Published State Summaries

A published state summary is a compact form for representing the outcome of an epoch.

It is needed so that the canonical outcome can be used, verified, and passed forward without disclosing the entire internal array of the environment.

Without a published state summary, epochal architecture remains incomplete.

The network then either:

  • forces participants to re-enter the internal history deeply every time;
  • or leaves the current outcome without a compact verifiable form.

For Realith, that is undesirable.

A published state summary must link together:

  • the previous verifiable outcome;
  • the new epoch result;
  • the volume of accepted transitions needed for verification of the next step;
  • a verifiable surface sufficient for the next coordination;
  • a reference to the boundary between the published outcome and unpublished internal content.

This is not a full log and not merely a technical receipt.

One more distinction must be retained here:

a published state summary is not a new form of the object itself or of its state; it is an externalized verifiable form for an already canonized epoch result.

What it is not

A published state summary must not be confused with:

  • an operator receipt;
  • a separate proof;
  • transport confirmation;
  • the full internal state of a contour;
  • the full history of an object.

It is a separate type of network artifact.

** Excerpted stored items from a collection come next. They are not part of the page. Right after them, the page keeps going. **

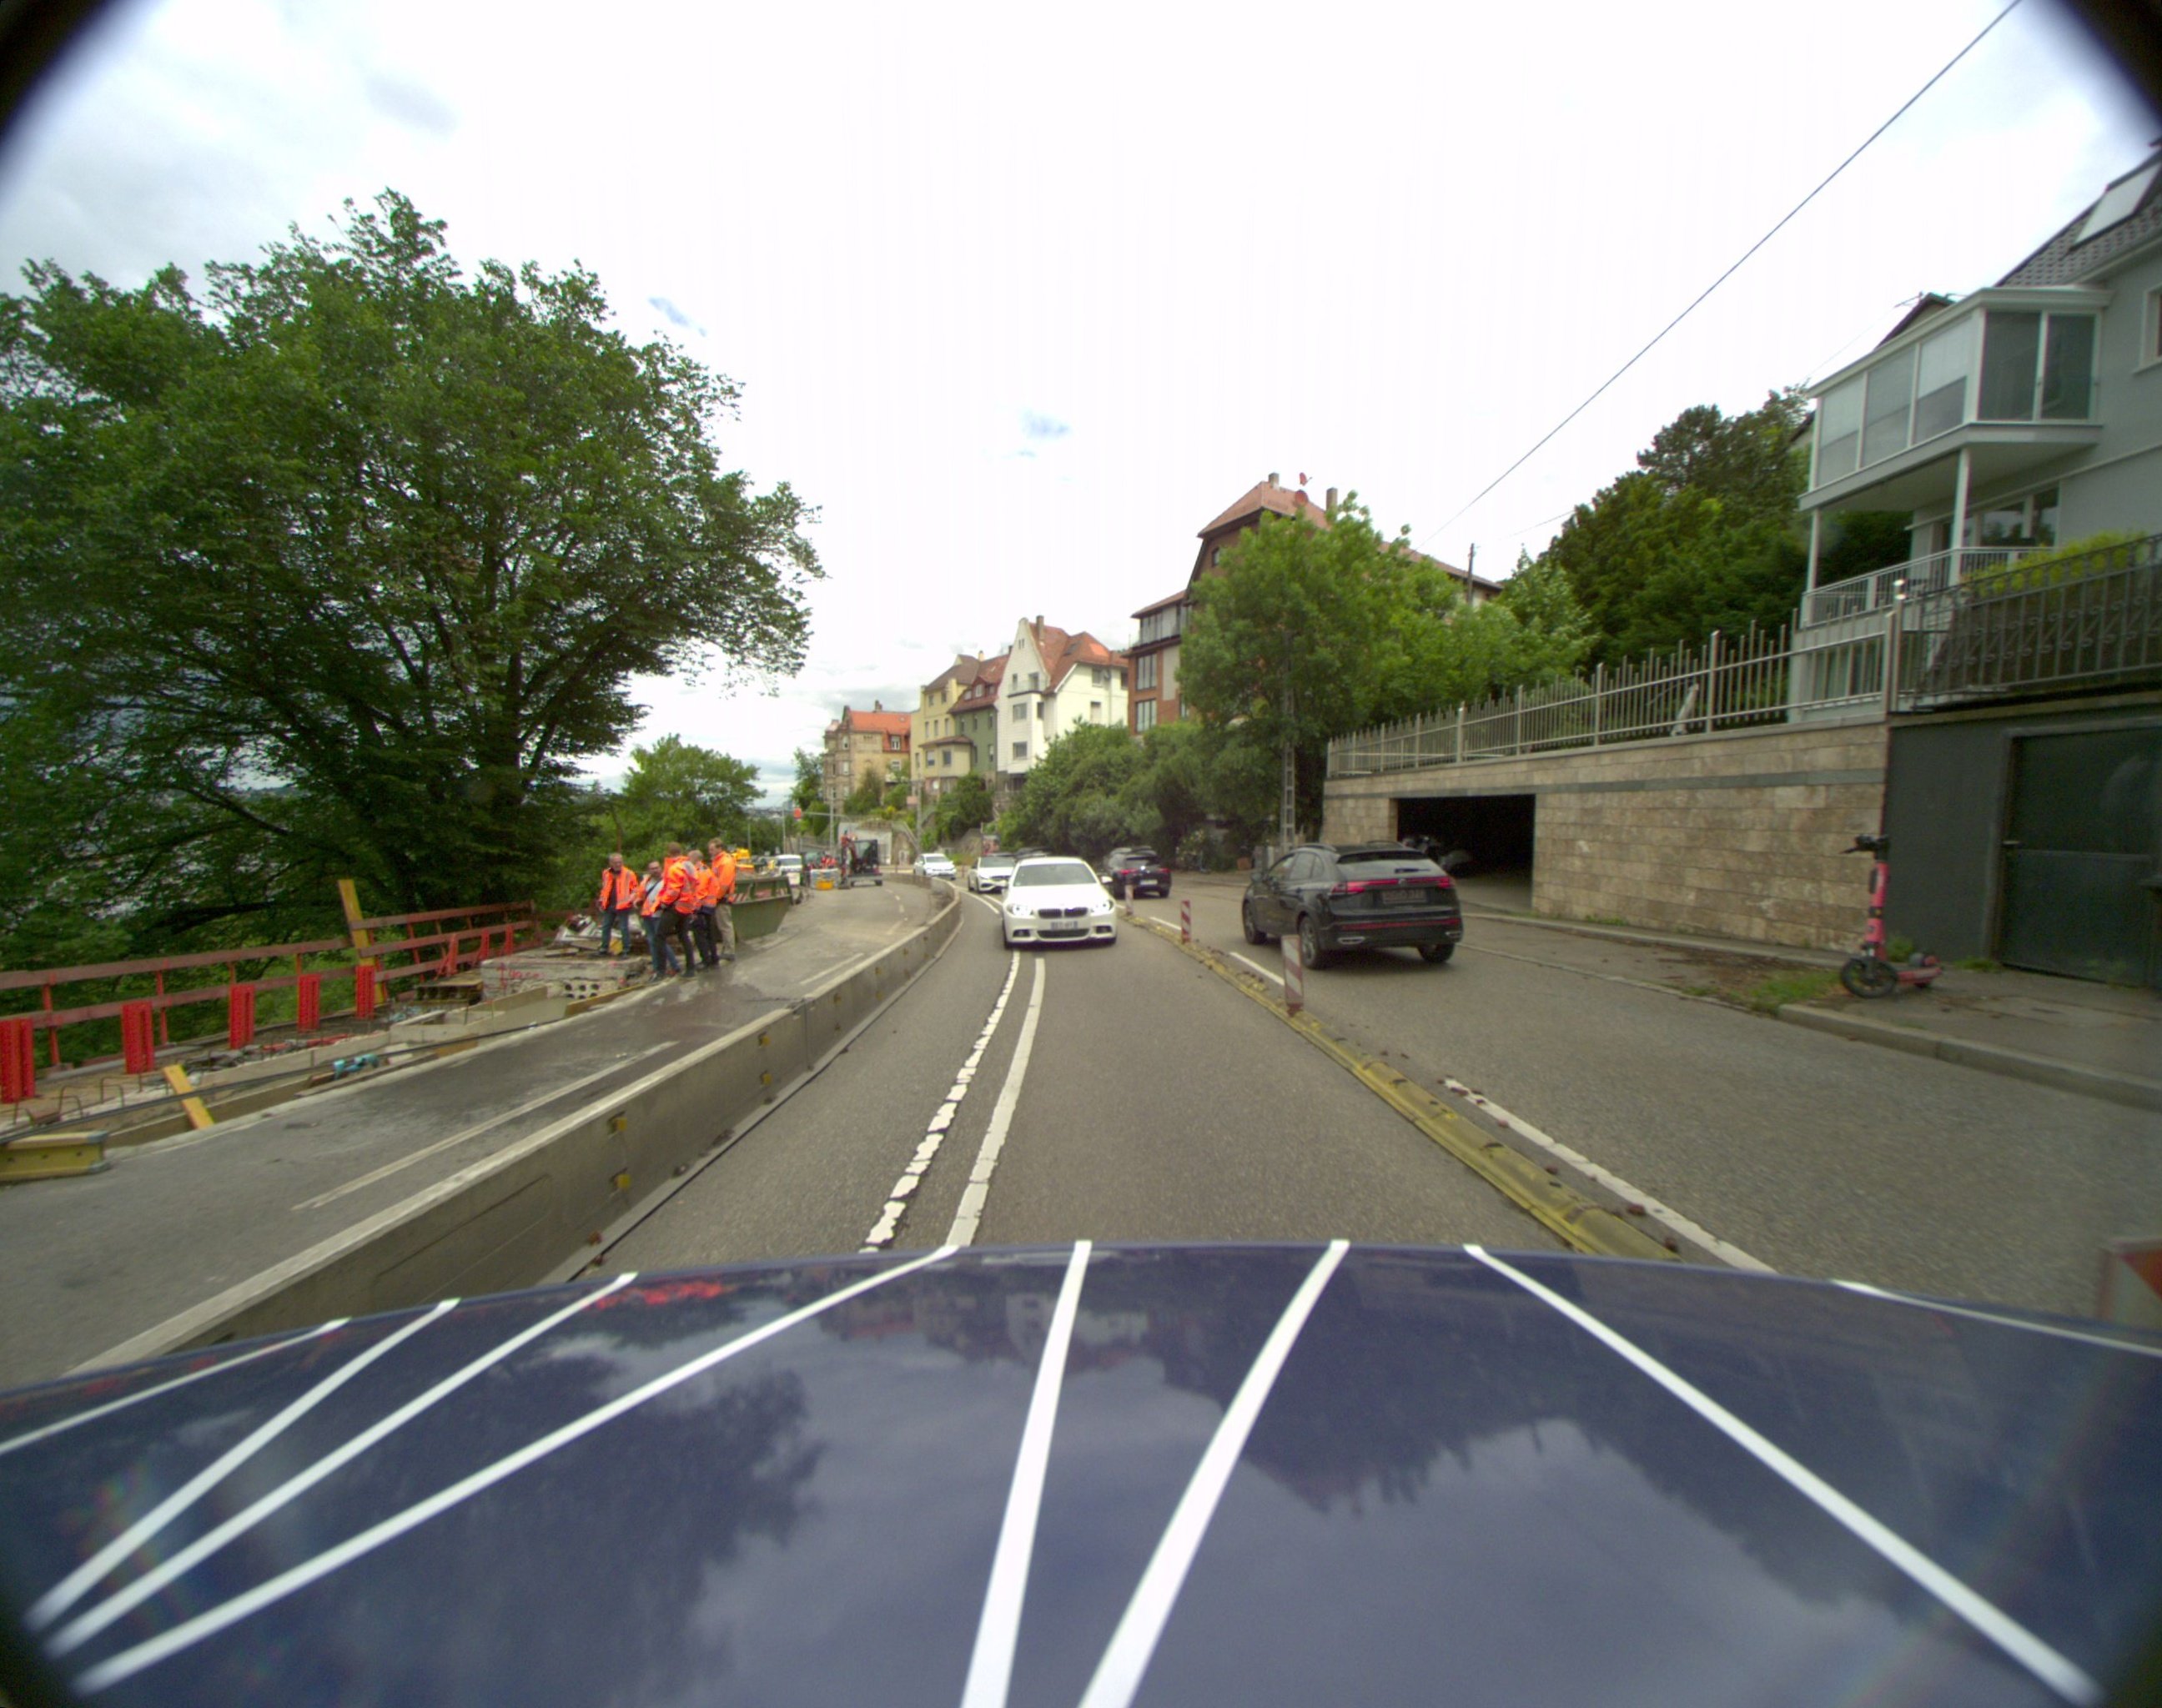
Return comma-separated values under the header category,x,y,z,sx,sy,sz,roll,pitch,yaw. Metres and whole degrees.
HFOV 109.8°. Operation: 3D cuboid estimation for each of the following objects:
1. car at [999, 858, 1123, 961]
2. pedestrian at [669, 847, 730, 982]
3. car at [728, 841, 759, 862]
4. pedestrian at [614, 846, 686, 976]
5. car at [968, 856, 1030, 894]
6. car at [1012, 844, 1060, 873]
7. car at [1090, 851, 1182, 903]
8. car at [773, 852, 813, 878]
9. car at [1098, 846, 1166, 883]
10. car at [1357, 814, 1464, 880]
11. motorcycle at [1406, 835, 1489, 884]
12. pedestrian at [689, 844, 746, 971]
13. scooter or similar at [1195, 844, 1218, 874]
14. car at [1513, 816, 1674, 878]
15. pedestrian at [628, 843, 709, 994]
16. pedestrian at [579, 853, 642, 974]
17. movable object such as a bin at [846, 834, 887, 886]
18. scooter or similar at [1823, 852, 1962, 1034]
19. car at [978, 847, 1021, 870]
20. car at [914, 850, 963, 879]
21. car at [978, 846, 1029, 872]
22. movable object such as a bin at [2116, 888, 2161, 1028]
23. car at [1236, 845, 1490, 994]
category,x,y,z,sx,sy,sz,roll,pitch,yaw
car,-0.562,0.859,14.127,1.853,1.458,4.875,-2,1,-6
pedestrian,-5.362,0.824,10.707,0.527,1.832,0.796,2,1,-10
car,-37.314,-0.265,84.029,2.004,2.089,4.059,-3,1,-40
pedestrian,-6.558,0.853,11.590,0.731,1.880,0.618,-4,0,-17
car,-3.337,0.785,30.166,1.800,1.299,4.094,-1,1,-16
car,-2.900,0.290,48.143,1.771,1.587,3.784,-6,3,-23
car,1.662,0.667,24.494,1.869,1.446,4.214,-2,1,-11
car,-20.079,0.773,52.838,1.796,1.676,3.990,-3,1,-31
car,2.227,0.431,34.110,1.825,1.426,3.710,-6,2,-15
car,9.438,-0.277,22.025,1.572,1.596,3.584,-2,5,1
motorcycle,9.548,0.139,19.837,1.842,1.177,0.636,-2,6,4
pedestrian,-5.605,0.804,11.705,0.620,1.873,0.717,1,-2,-39
scooter or similar,5.481,0.208,33.291,0.406,1.250,0.962,-7,3,-26
car,14.406,-0.282,21.679,1.746,1.444,3.995,0,5,-2
pedestrian,-5.256,0.796,9.724,0.640,1.848,0.834,2,1,-10
pedestrian,-7.317,0.892,11.843,0.647,1.784,0.642,-4,2,-24
movable object such as a bin,-11.438,0.296,40.410,1.866,2.580,3.435,-2,1,-18
scooter or similar,6.216,0.618,5.809,1.217,1.225,0.493,-3,2,-32
car,-5.852,0.314,53.980,1.685,1.409,3.783,-7,3,-27
car,-8.499,0.608,44.965,1.889,1.569,3.992,-3,1,-25
car,-4.789,0.293,46.501,1.803,1.462,4.192,-2,1,-25
movable object such as a bin,7.636,0.712,5.106,0.544,0.933,0.601,-2,1,0
car,3.467,0.696,10.191,1.763,1.520,3.909,-3,1,-3

It is precisely through such a summary that one can reconcile:

  • verifiability of outcome;
  • limited observability;
  • separation of working and archival roles;
  • the possibility of external verification without access to the whole internal layer.

At the current stage, one should not assert:

  • the final field composition;
  • the final commitment format;
  • the final cryptographic profile;
  • the final composition of proof.

But it can already be asserted that without a compact published state summary, the epochal architecture of Realith remains incomplete.